Other financial services firms are adopting gateways for similar reasons. IMLogic, for example, recently announced large sales to financial services giants Merrill Lynch and Bear Sterns. Instant messaging is becoming “a more mainstream business tool,” says Andrew Brown, CTO of Global Infrastructure Services for Merrill Lynch.

Price was also a consideration for Stifel Nicolaus. Its IMLogic installation cost less than $10,000, says Blackmore. He estimates that going with an enterprise-grade solution would have set the company back more than three times that.

One of the attractions of gateway products is that companies don’t have to force their users to adopt a particular IM client. IMLogic, for example, supports AOL Instant Messenger, MSN Messenger, Yahoo! Instant Messenger, IBM Lotus Sametime, and Microsoft Exchange 2000 Instant Messenger, among others.

That flexibility is attractive to CIOs who are unwilling to commit to an enterprise product until the vendors work out their interoperability issues, says IDC’s Mahowald. Today, users of the “big three” IM vendors — AOL, Yahoo! and MSN — can only communicate with others using the same system. So even though AOL has some 59 million active IM users each month, according to Media Metrix, and Yahoo! and MSN smaller but still substantial user communities, a lot of CIOs are “still waiting on the fence,” says Mahowald.

But Yahoo!’s Hickman believes that, in the long run, the separate user communities will not keep companies from adopting enterprise IM products.
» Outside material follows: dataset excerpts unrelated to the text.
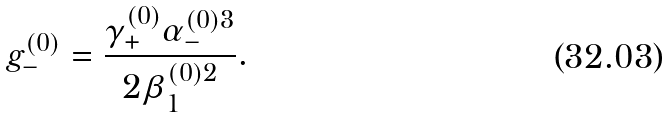Convert formula to latex. <formula><loc_0><loc_0><loc_500><loc_500>g _ { - } ^ { ( 0 ) } = \frac { \gamma _ { + } ^ { ( 0 ) } \alpha _ { - } ^ { ( 0 ) 3 } } { 2 \beta _ { 1 } ^ { ( 0 ) 2 } } .</formula> 
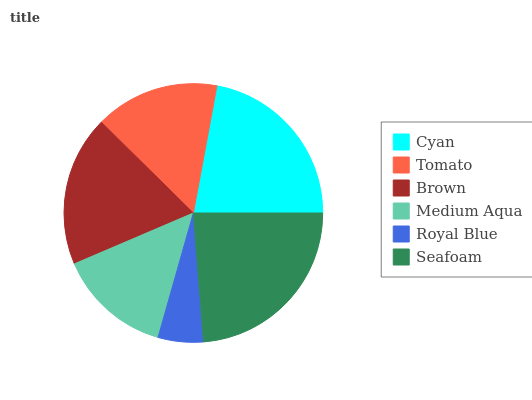Is Royal Blue the minimum?
Answer yes or no. Yes. Is Seafoam the maximum?
Answer yes or no. Yes. Is Tomato the minimum?
Answer yes or no. No. Is Tomato the maximum?
Answer yes or no. No. Is Cyan greater than Tomato?
Answer yes or no. Yes. Is Tomato less than Cyan?
Answer yes or no. Yes. Is Tomato greater than Cyan?
Answer yes or no. No. Is Cyan less than Tomato?
Answer yes or no. No. Is Brown the high median?
Answer yes or no. Yes. Is Tomato the low median?
Answer yes or no. Yes. Is Cyan the high median?
Answer yes or no. No. Is Medium Aqua the low median?
Answer yes or no. No. 
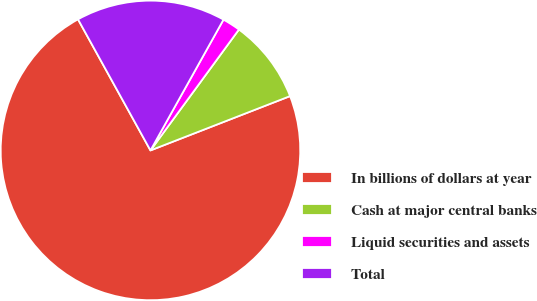Convert chart to OTSL. <chart><loc_0><loc_0><loc_500><loc_500><pie_chart><fcel>In billions of dollars at year<fcel>Cash at major central banks<fcel>Liquid securities and assets<fcel>Total<nl><fcel>72.87%<fcel>9.04%<fcel>1.95%<fcel>16.14%<nl></chart> 
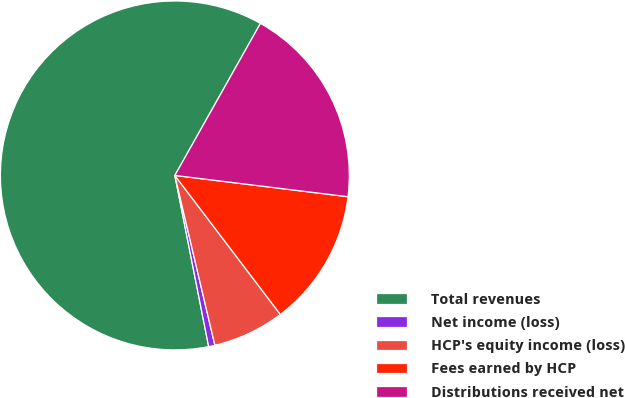Convert chart. <chart><loc_0><loc_0><loc_500><loc_500><pie_chart><fcel>Total revenues<fcel>Net income (loss)<fcel>HCP's equity income (loss)<fcel>Fees earned by HCP<fcel>Distributions received net<nl><fcel>61.27%<fcel>0.58%<fcel>6.65%<fcel>12.72%<fcel>18.79%<nl></chart>

“As interoperability gets figured out — and it will get figured out — companies are going to want to standardize on one product,” he says. “Standardization is going to reduce costs, both in companies’ help desks, because they’re supporting fewer products, and down the road, when they go to integrate IM into their business processes.

And that’s where the real promise of IM lies, according to many industry observers. In the future, instant messaging is likely to be integrated with backend systems, so an inventory control system, for example, might appear on a user’s “buddy list.” A sales representative out on a customer call could then query the system and find out, in real time, if an item is in stock.

Some companies are already beginning to look in that direction. CKE Restaurants, for example, the Santa Barbara, Calif.-based operator of Hardee’s, Carl’s Jr., Timber Lodge Steakhouse, and other chains, recently signed an enterprise-wide license for AOL Instant Messenger. The company, which operates more than 4,300 restaurants, plans on using instant messaging to place orders in its restaurants.